B. Wang,1 C. Wu,1 L. Roskos2; 1AstraZenica/MedImmune, Mountain View, CA, 2AstraZenica/MedImmune, Gaithersburg, MD
BACKGROUND: The development of a new drug is a lengthy and costly process with low probability of success. Continuum of “learn/confirm/predict” by translational and clinical modeling and simulations (M&S) was implemented at every decision point for mavrilimumab, a human monoclonal antibody targeting GM-CSFRα. Mavrilimumab is currently being developed for the treatment of rheumatoid arthritis.

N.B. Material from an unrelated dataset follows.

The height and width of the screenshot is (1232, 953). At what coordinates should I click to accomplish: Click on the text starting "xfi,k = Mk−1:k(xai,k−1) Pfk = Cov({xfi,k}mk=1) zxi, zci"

METHODS: At discovery stage, a translational model integrating biology, receptor internalization kinetics and endogenous IgG kinetics was utilized to set an antibody affinity goal. The binding affinity of the lead molecule and nonhuman primate data were incorporated in the model to predict the pharmacokinetics (PK) and receptor occupancy (RO) in humans for first-time-in-human (FIH) starting dose recommendation. Mechanistic PK modeling facilitated the transition from single weight-based intravenous dosing for FIH to multiple fixed subcutaneous (SC) dosing of mavrilimumab for a Proof-of-Principle (PoP) study. Efficacy modeling and stochastic simulations identified 150 mg as the top dose for a Proof-of-Concept (PoC) study.

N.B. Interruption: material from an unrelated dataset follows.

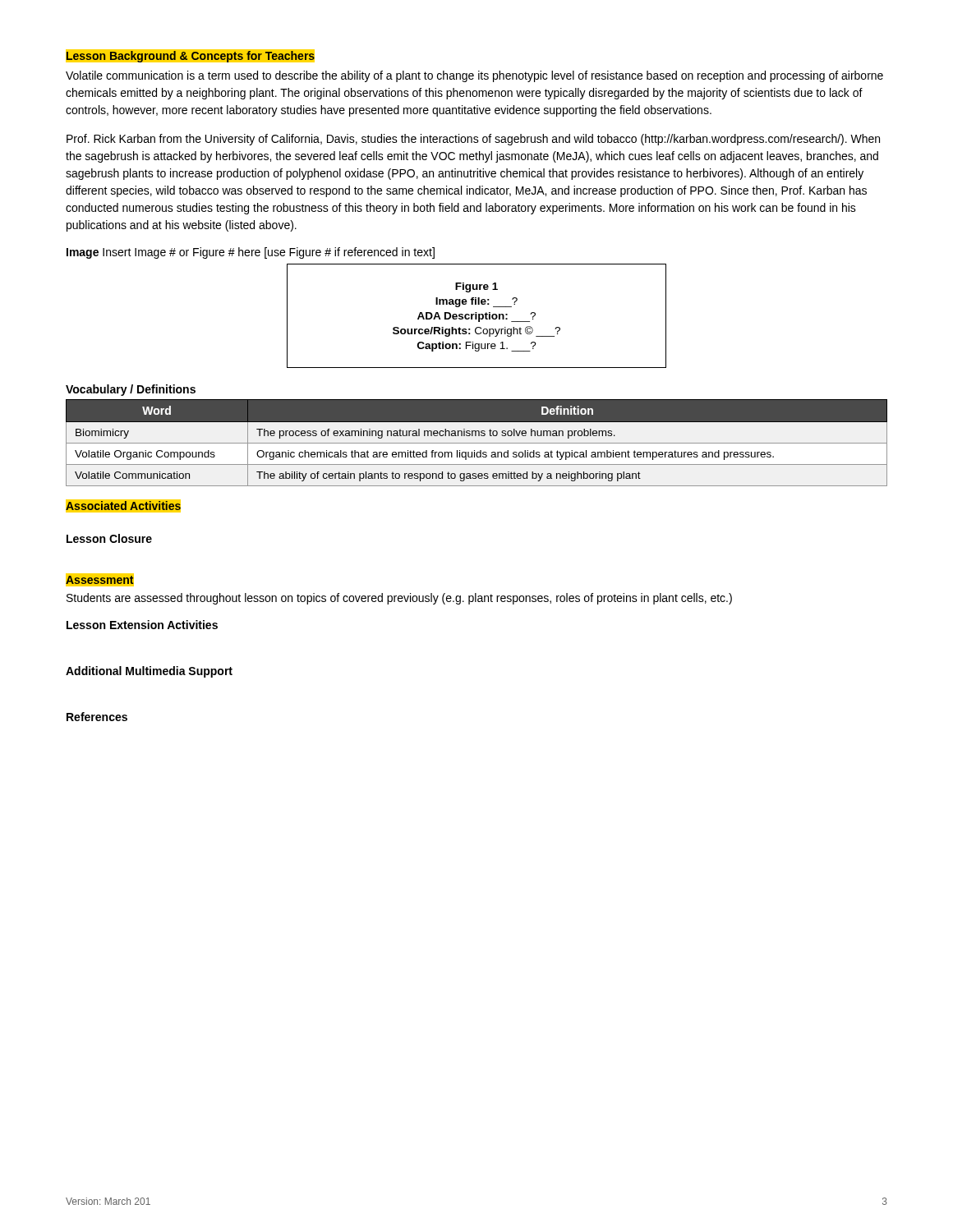
Task: Locate the block of text that opens with "Volatile communication is a term used"
Action: (475, 93)

RESULTS: The lead molecule, mavrilimumab, met the affinity goal and the PK in RA patients was well predicted. PK and efficacy outcome from the PoP study confirmed appropriate selection of SC doses and every-two-week dosing interval. Although 150 mg was not evaluated in the PoP study, improved efficacy was observed at this dose level in PoC as predicted by a priori clinical simulations. Informative dropouts were further included in the PoC efficacy model for selection of optimal Phase III dose.
CONCLUSION: By rational recommendations of an antibody affinity goal, safety margin and clinical dosing regimens, M&S greatly facilitated the discovery and development of mavrilimumab.